Write the data out again so that it matches word for word.

——————

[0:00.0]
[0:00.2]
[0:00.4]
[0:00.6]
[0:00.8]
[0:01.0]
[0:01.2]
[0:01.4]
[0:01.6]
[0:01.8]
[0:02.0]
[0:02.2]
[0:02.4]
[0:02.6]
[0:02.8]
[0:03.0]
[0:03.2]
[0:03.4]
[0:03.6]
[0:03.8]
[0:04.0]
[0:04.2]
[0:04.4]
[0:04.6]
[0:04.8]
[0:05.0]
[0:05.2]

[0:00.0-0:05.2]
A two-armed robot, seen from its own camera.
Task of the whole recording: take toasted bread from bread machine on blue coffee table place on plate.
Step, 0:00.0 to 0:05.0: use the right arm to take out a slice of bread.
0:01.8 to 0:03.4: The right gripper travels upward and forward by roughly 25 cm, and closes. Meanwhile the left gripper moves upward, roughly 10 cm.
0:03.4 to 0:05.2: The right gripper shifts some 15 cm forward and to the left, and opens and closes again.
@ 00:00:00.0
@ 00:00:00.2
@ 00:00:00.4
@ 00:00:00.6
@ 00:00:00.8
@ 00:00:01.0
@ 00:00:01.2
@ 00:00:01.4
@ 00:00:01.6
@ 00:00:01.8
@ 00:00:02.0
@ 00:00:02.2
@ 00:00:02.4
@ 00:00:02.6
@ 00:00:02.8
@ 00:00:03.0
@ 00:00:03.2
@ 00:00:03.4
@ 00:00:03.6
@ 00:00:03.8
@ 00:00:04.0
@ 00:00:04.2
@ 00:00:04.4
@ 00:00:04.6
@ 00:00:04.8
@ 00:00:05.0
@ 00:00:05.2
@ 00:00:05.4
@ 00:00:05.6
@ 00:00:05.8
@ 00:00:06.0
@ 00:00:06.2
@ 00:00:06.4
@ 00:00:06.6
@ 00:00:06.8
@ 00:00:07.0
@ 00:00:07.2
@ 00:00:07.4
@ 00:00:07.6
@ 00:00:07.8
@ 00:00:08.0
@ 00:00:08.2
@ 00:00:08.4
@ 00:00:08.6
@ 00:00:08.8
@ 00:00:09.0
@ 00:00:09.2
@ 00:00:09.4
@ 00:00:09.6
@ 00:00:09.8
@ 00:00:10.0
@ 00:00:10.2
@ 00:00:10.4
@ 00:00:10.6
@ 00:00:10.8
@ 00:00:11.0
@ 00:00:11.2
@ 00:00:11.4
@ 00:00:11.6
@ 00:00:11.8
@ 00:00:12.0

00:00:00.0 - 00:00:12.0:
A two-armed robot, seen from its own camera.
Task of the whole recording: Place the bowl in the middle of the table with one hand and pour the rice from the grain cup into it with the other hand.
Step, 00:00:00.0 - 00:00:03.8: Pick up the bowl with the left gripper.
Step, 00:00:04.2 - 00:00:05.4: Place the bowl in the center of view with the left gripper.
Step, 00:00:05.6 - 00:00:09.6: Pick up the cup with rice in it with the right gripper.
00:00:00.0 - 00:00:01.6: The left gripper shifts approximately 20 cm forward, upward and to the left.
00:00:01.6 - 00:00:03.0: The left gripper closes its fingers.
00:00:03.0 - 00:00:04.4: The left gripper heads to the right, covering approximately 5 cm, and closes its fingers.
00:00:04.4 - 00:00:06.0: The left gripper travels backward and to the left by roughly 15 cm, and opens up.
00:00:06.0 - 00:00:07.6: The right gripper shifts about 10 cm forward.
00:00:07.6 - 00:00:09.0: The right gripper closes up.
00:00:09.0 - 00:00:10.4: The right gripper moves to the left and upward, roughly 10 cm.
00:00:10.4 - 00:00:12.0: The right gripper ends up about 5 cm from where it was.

——————

_Response area_:
[0:00.0]
[0:00.2]
[0:00.4]
[0:00.6]
[0:00.8]
[0:01.0]
[0:01.2]
[0:01.4]
[0:01.6]
[0:01.8]
[0:02.0]
[0:02.2]
[0:02.4]
[0:02.6]
[0:02.8]
[0:03.0]
[0:03.2]
[0:03.4]
[0:03.6]
[0:03.8]
[0:04.0]
[0:04.2]
[0:04.4]
[0:04.6]
[0:04.8]
[0:05.0]
[0:05.2]

[0:00.0-0:05.2]
A two-armed robot, seen from its own camera.
Task of the whole recording: take toasted bread from bread machine on blue coffee table place on plate.
Step, 0:00.0 to 0:05.0: use the right arm to take out a slice of bread.
0:01.8 to 0:03.4: The right gripper travels upward and forward by roughly 25 cm, and closes. Meanwhile the left gripper moves upward, roughly 10 cm.
0:03.4 to 0:05.2: The right gripper shifts some 15 cm forward and to the left, and opens and closes again.
@ 00:00:00.0
@ 00:00:00.2
@ 00:00:00.4
@ 00:00:00.6
@ 00:00:00.8
@ 00:00:01.0
@ 00:00:01.2
@ 00:00:01.4
@ 00:00:01.6
@ 00:00:01.8
@ 00:00:02.0
@ 00:00:02.2
@ 00:00:02.4
@ 00:00:02.6
@ 00:00:02.8
@ 00:00:03.0
@ 00:00:03.2
@ 00:00:03.4
@ 00:00:03.6
@ 00:00:03.8
@ 00:00:04.0
@ 00:00:04.2
@ 00:00:04.4
@ 00:00:04.6
@ 00:00:04.8
@ 00:00:05.0
@ 00:00:05.2
@ 00:00:05.4
@ 00:00:05.6
@ 00:00:05.8
@ 00:00:06.0
@ 00:00:06.2
@ 00:00:06.4
@ 00:00:06.6
@ 00:00:06.8
@ 00:00:07.0
@ 00:00:07.2
@ 00:00:07.4
@ 00:00:07.6
@ 00:00:07.8
@ 00:00:08.0
@ 00:00:08.2
@ 00:00:08.4
@ 00:00:08.6
@ 00:00:08.8
@ 00:00:09.0
@ 00:00:09.2
@ 00:00:09.4
@ 00:00:09.6
@ 00:00:09.8
@ 00:00:10.0
@ 00:00:10.2
@ 00:00:10.4
@ 00:00:10.6
@ 00:00:10.8
@ 00:00:11.0
@ 00:00:11.2
@ 00:00:11.4
@ 00:00:11.6
@ 00:00:11.8
@ 00:00:12.0

00:00:00.0 - 00:00:12.0:
A two-armed robot, seen from its own camera.
Task of the whole recording: Place the bowl in the middle of the table with one hand and pour the rice from the grain cup into it with the other hand.
Step, 00:00:00.0 - 00:00:03.8: Pick up the bowl with the left gripper.
Step, 00:00:04.2 - 00:00:05.4: Place the bowl in the center of view with the left gripper.
Step, 00:00:05.6 - 00:00:09.6: Pick up the cup with rice in it with the right gripper.
00:00:00.0 - 00:00:01.6: The left gripper shifts approximately 20 cm forward, upward and to the left.
00:00:01.6 - 00:00:03.0: The left gripper closes its fingers.
00:00:03.0 - 00:00:04.4: The left gripper heads to the right, covering approximately 5 cm, and closes its fingers.
00:00:04.4 - 00:00:06.0: The left gripper travels backward and to the left by roughly 15 cm, and opens up.
00:00:06.0 - 00:00:07.6: The right gripper shifts about 10 cm forward.
00:00:07.6 - 00:00:09.0: The right gripper closes up.
00:00:09.0 - 00:00:10.4: The right gripper moves to the left and upward, roughly 10 cm.
00:00:10.4 - 00:00:12.0: The right gripper ends up about 5 cm from where it was.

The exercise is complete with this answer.